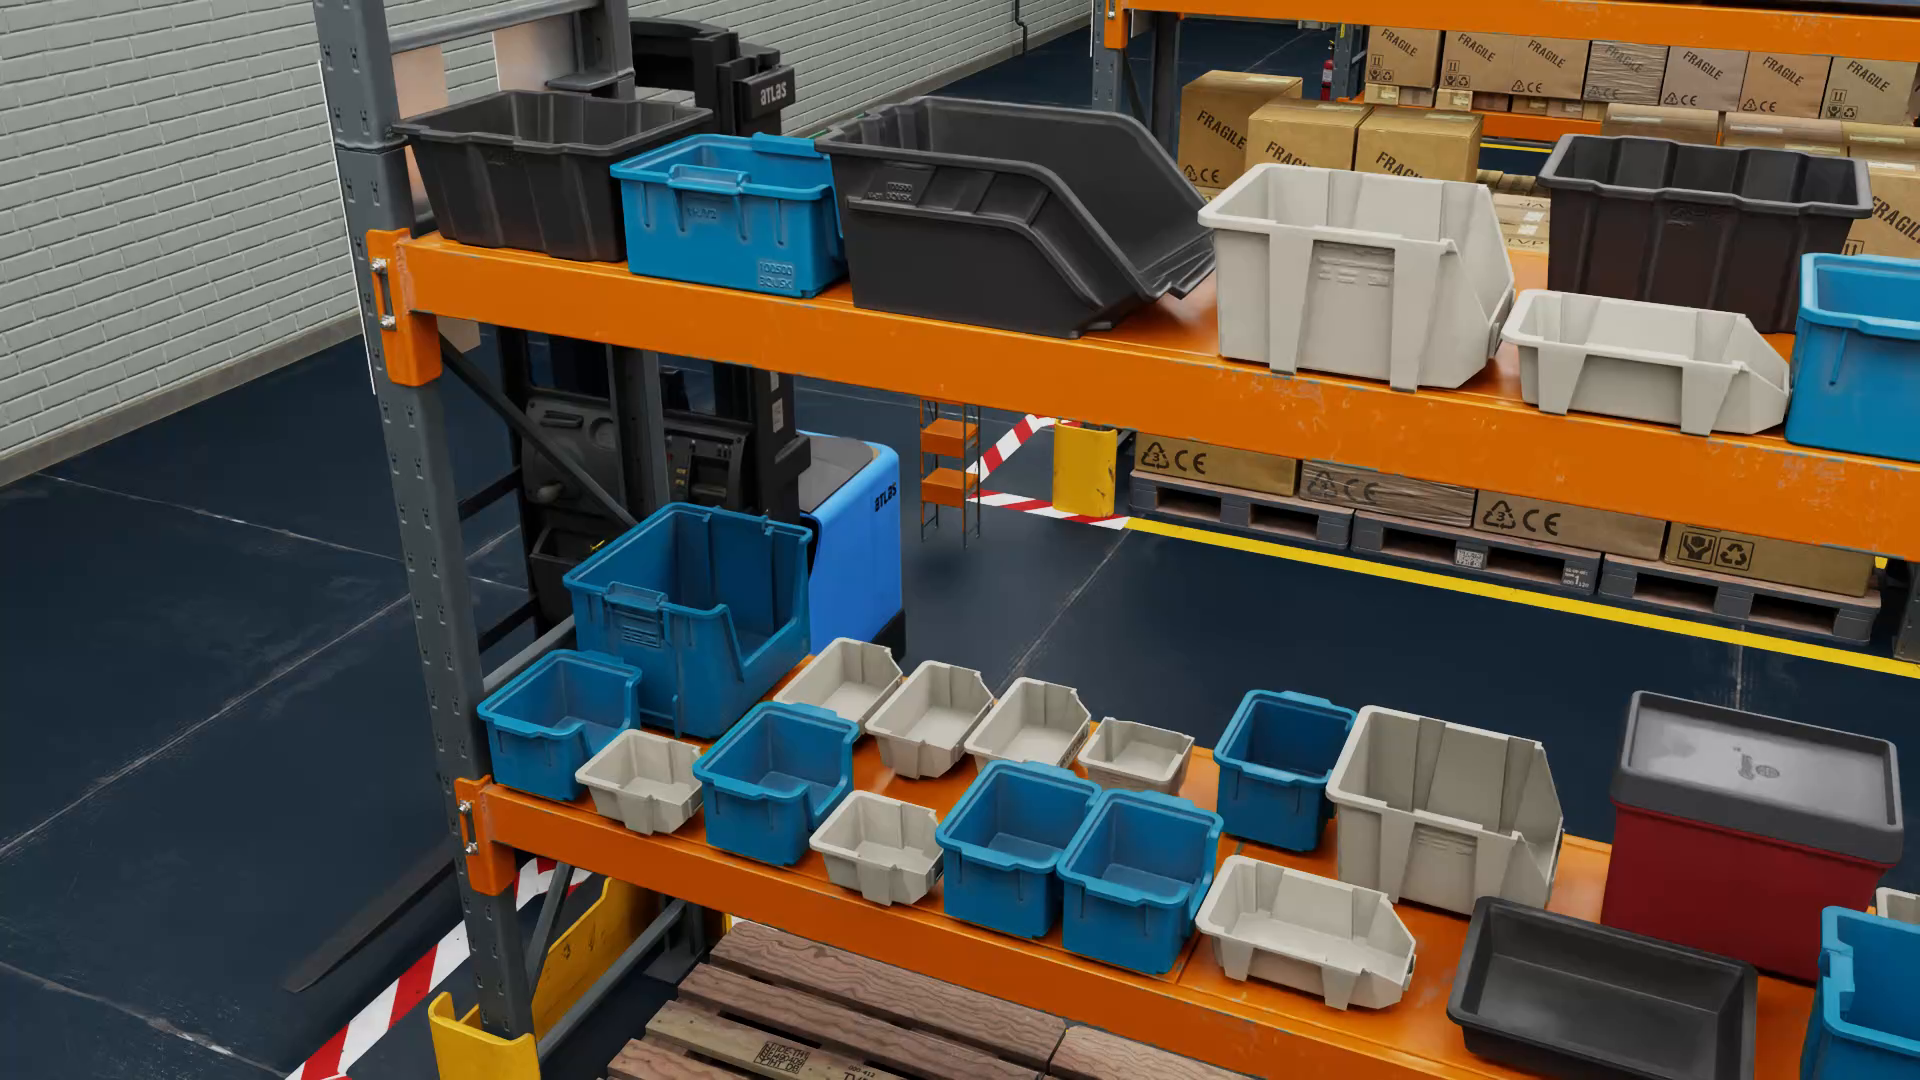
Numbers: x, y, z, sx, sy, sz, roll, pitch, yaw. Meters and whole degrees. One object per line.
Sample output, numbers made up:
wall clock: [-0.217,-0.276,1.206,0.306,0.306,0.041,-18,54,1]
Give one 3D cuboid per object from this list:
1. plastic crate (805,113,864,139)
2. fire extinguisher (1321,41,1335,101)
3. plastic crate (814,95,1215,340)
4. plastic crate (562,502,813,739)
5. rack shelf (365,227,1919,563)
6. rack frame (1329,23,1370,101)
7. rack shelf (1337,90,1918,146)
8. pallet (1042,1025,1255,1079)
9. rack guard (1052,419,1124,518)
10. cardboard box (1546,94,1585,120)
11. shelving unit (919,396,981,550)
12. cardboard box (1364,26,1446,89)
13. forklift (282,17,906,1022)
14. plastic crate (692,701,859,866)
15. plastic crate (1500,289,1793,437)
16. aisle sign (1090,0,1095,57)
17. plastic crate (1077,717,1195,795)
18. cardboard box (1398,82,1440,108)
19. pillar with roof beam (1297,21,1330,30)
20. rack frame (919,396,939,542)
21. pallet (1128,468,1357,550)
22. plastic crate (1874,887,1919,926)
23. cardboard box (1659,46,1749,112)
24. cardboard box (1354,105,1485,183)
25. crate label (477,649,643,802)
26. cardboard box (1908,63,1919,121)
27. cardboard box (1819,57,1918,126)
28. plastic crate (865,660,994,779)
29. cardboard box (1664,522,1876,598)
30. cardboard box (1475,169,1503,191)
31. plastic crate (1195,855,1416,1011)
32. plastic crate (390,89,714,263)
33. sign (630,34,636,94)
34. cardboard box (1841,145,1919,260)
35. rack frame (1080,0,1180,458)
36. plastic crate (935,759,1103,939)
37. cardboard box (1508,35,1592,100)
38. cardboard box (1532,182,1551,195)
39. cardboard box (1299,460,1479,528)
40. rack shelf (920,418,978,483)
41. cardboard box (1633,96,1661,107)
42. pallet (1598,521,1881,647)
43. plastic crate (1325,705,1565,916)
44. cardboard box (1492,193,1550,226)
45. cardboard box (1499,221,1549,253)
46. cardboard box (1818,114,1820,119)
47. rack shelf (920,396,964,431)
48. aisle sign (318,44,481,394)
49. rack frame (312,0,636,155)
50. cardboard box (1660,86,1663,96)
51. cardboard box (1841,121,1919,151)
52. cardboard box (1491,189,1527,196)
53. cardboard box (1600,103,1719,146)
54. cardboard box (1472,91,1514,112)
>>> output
plastic crate: [-0.129,-0.909,4.045,0.336,0.188,0.450,11,28,22]
fire extinguisher: [3.012,-3.721,13.422,0.183,0.674,0.296,11,28,22]
plastic crate: [0.132,-0.652,3.353,0.767,0.338,0.504,11,28,22]
plastic crate: [-0.763,0.219,4.801,0.499,0.435,0.616,11,28,22]
rack shelf: [0.676,-0.382,3.548,4.000,0.370,1.077,11,28,22]
rack frame: [3.051,-3.692,12.852,0.127,3.000,1.000,11,28,22]
rack shelf: [4.871,-3.003,12.269,4.000,0.370,1.077,11,28,22]
pallet: [0.696,1.917,4.618,1.213,0.211,1.003,11,28,22]
rack guard: [0.884,-0.599,9.400,0.348,0.500,1.175,11,28,22]
cardboard box: [4.424,-3.179,12.096,0.250,0.149,0.380,11,28,21]
shelving unit: [-0.049,-0.481,8.538,0.252,1.050,0.215,11,28,22]
cardboard box: [3.345,-3.677,12.372,0.500,0.500,0.500,13,29,24]
forklift: [-1.282,-0.238,5.916,1.130,2.935,3.031,10,28,20]
plastic crate: [-0.457,0.622,4.213,0.300,0.233,0.416,11,28,22]
plastic crate: [1.181,-0.300,2.866,0.466,0.136,0.293,11,28,22]
aisle sign: [0.716,-2.775,8.047,0.004,0.787,0.394,11,28,22]
plastic crate: [0.471,0.590,4.386,0.250,0.136,0.298,11,28,22]
cardboard box: [3.459,-3.358,12.459,0.250,0.149,0.380,12,29,24]
pillar with roof beam: [3.196,-9.513,17.884,0.400,9.000,9.100,11,28,22]
rack frame: [-0.160,-0.503,8.583,0.008,1.050,0.200,11,28,22]
pallet: [1.666,-0.350,9.222,1.213,0.211,1.003,11,28,22]
plastic crate: [2.132,0.956,3.643,0.243,0.136,0.396,11,28,22]
cardboard box: [5.210,-3.300,11.608,0.500,0.500,0.500,11,28,22]
cardboard box: [2.160,-1.738,7.869,0.500,0.500,0.500,11,28,20]
crate label: [-1.056,0.501,4.457,0.303,0.233,0.416,11,28,22]
cardboard box: [9.246,-4.123,15.659,0.875,0.875,0.875,12,29,23]
cardboard box: [6.135,-3.114,11.228,0.500,0.500,0.500,11,28,22]
plastic crate: [-0.070,0.502,4.565,0.243,0.136,0.396,11,28,22]
cardboard box: [3.979,-0.373,8.041,0.875,0.875,0.875,11,28,22]
cardboard box: [4.131,-2.808,13.136,0.250,0.149,0.380,11,28,21]
plastic crate: [0.787,0.901,3.755,0.466,0.136,0.293,11,28,22]
plastic crate: [-0.910,-0.829,3.790,0.590,0.269,0.497,11,28,22]
sign: [-0.932,-1.247,4.610,0.005,0.325,0.100,11,28,22]
cardboard box: [4.018,-1.364,7.108,0.500,0.500,0.500,12,29,23]
rack frame: [0.905,-1.716,8.839,0.127,3.000,1.000,11,28,22]
plastic crate: [0.142,0.742,3.968,0.300,0.233,0.416,11,28,22]
cardboard box: [4.283,-3.495,12.002,0.500,0.500,0.500,12,29,22]
cardboard box: [4.608,-2.708,12.933,0.250,0.149,0.380,12,29,24]
cardboard box: [2.350,-0.700,8.705,0.875,0.875,0.875,11,28,22]
rack shelf: [-0.049,-0.471,8.543,0.240,0.259,0.215,11,28,22]
cardboard box: [4.882,-3.063,11.859,0.250,0.149,0.380,12,29,23]
pallet: [3.887,0.096,8.316,1.213,0.211,1.003,11,28,22]
plastic crate: [1.183,0.680,4.039,0.530,0.282,0.437,11,28,22]
cardboard box: [2.857,-1.521,8.276,0.500,0.250,0.500,11,28,22]
cardboard box: [2.640,-1.307,7.841,0.500,0.250,0.500,11,28,21]
cardboard box: [5.837,-2.882,11.492,0.250,0.149,0.380,13,29,24]
rack shelf: [-0.049,-0.726,8.417,0.240,0.259,0.215,11,28,22]
aisle sign: [-1.333,-0.784,4.004,0.004,0.787,0.394,11,28,22]
rack frame: [-1.145,-2.416,3.469,0.127,3.000,1.000,11,28,22]
cardboard box: [5.087,-3.283,12.306,0.250,0.149,0.380,12,29,24]
cardboard box: [4.217,-1.577,7.542,0.500,0.500,0.500,11,28,22]
cardboard box: [4.124,-2.524,12.559,0.250,0.149,0.380,10,28,19]
cardboard box: [3.296,-1.764,7.921,0.500,0.500,0.500,10,28,20]
cardboard box: [3.974,-3.295,12.331,0.250,0.149,0.380,13,29,24]

——

Leave the pictures out, and restate exactly the lines from the start of the records through the one that contains "17. plastic crate (1077,717,1195,795)".

Numbers: x, y, z, sx, sy, sz, roll, pitch, yaw. Meters and whole degrees. One object per line.
Sample output, numbers made up:
wall clock: [-0.217,-0.276,1.206,0.306,0.306,0.041,-18,54,1]
Give one 3D cuboid per object from this list:
1. plastic crate (805,113,864,139)
2. fire extinguisher (1321,41,1335,101)
3. plastic crate (814,95,1215,340)
4. plastic crate (562,502,813,739)
5. rack shelf (365,227,1919,563)
6. rack frame (1329,23,1370,101)
7. rack shelf (1337,90,1918,146)
8. pallet (1042,1025,1255,1079)
9. rack guard (1052,419,1124,518)
10. cardboard box (1546,94,1585,120)
11. shelving unit (919,396,981,550)
12. cardboard box (1364,26,1446,89)
13. forklift (282,17,906,1022)
14. plastic crate (692,701,859,866)
15. plastic crate (1500,289,1793,437)
16. aisle sign (1090,0,1095,57)
17. plastic crate (1077,717,1195,795)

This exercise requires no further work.